Bengt Björklund'un Bayrampaşa Cezaevi'ndeki anıları bunlardan ibaret değil: "İçeride" bir de evlilik yapmış! Beraber yakalanıp yargılandığı ve aynı cezaevine düştüğü Japon kız arkadaşı Yoşi'nin hamile olduğunu öğrenince ona evlenme teklif etmiş. Dönemin cezaevi müdürü, Yoşi'yle Björklund'a kendi odasında nikah kıymış. Björklund'un şahidi de İstanbul'daki İsveç başkonsolosu olmuş. Yoşi, Björklund'un Christina adını koyduğu kızlarını cezaevinde doğurmuş ancak serbest kaldıktan sonra Christina'yı İsveçli bir aileye evlatlık vermiş. Björklund "Ben bunu kesinlikle istemedim ama cezaevinde olduğum için engel olamadım" diyor.
Björklund şu anda 37 yaşında olan ve İsveç'te yaşayan kızını ilk kez 20 yıl önce, 17 yaşındayken görmüş. İkinci görüşmeleri ise 11 yıl önce gerçekleşmiş, karşılaşmalarını "Kızımın çocukları olmuştu ve yaşları benim en küçük oğlumdan daha büyüktü" diye anlatıyor. O günden beri de bir daha görüşmemişler. Peki, Yoşi'ye ne oldu? Björklund "Yoşi'yi o serbest kaldıktan sonra bir daha hiç görmedim.
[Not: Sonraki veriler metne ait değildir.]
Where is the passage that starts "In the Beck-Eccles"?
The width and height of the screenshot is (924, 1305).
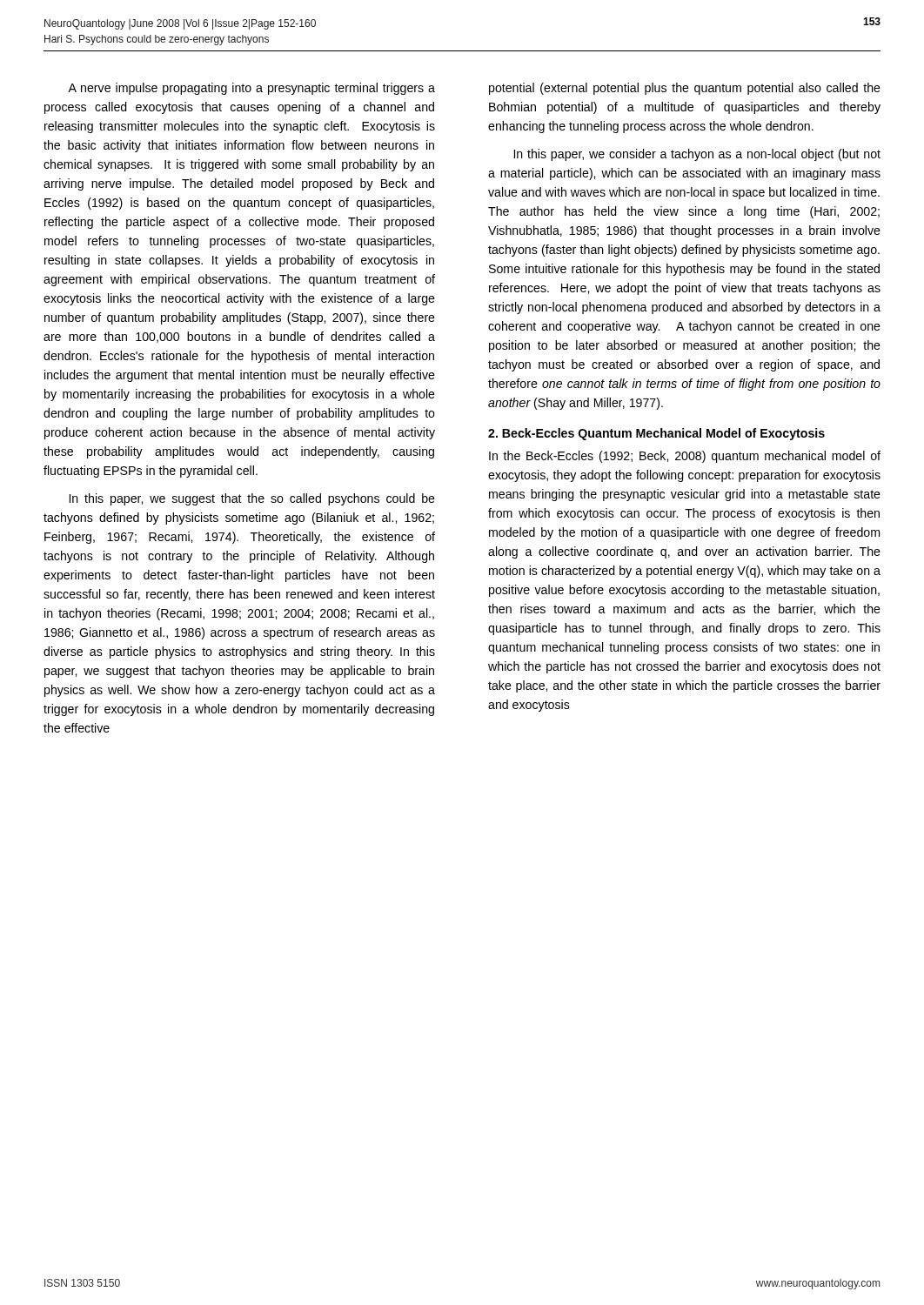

Beş yıl önce Amerika'da kanserden öldüğünü duydum" diye yanıtlıyor.
Björklund'un İstanbul'dan sonra da son derece maceralı bir hayatı olmuş. Serbest kaldıktan sonra sırasıyla İsveç, İngiltere, Danimarka, Hollanda ve Brezilya'da yaşamış; Liman işçiliği yapmış, resim ve müzikle hayatını kazanmış. Danimarka'da tanışıp evlendiği Amerikalı bir kadınla ikinci evliliğini yapmış, ondan Joia adlı ikinci kızı doğmuş. Daha sonra gittiği Brezilya'da eşinden boşanıp bir Brezilyalıyla birlikte olmuş. Yedi yıl sonra İsveç'e dönmüş, 10 yıl önce de şu andaki eşi olan Jertrude ile evlenmiş. Jertrude'dan da çocukları olan Björklund, şu anda toplam beş çocuk babası bir gazeteci.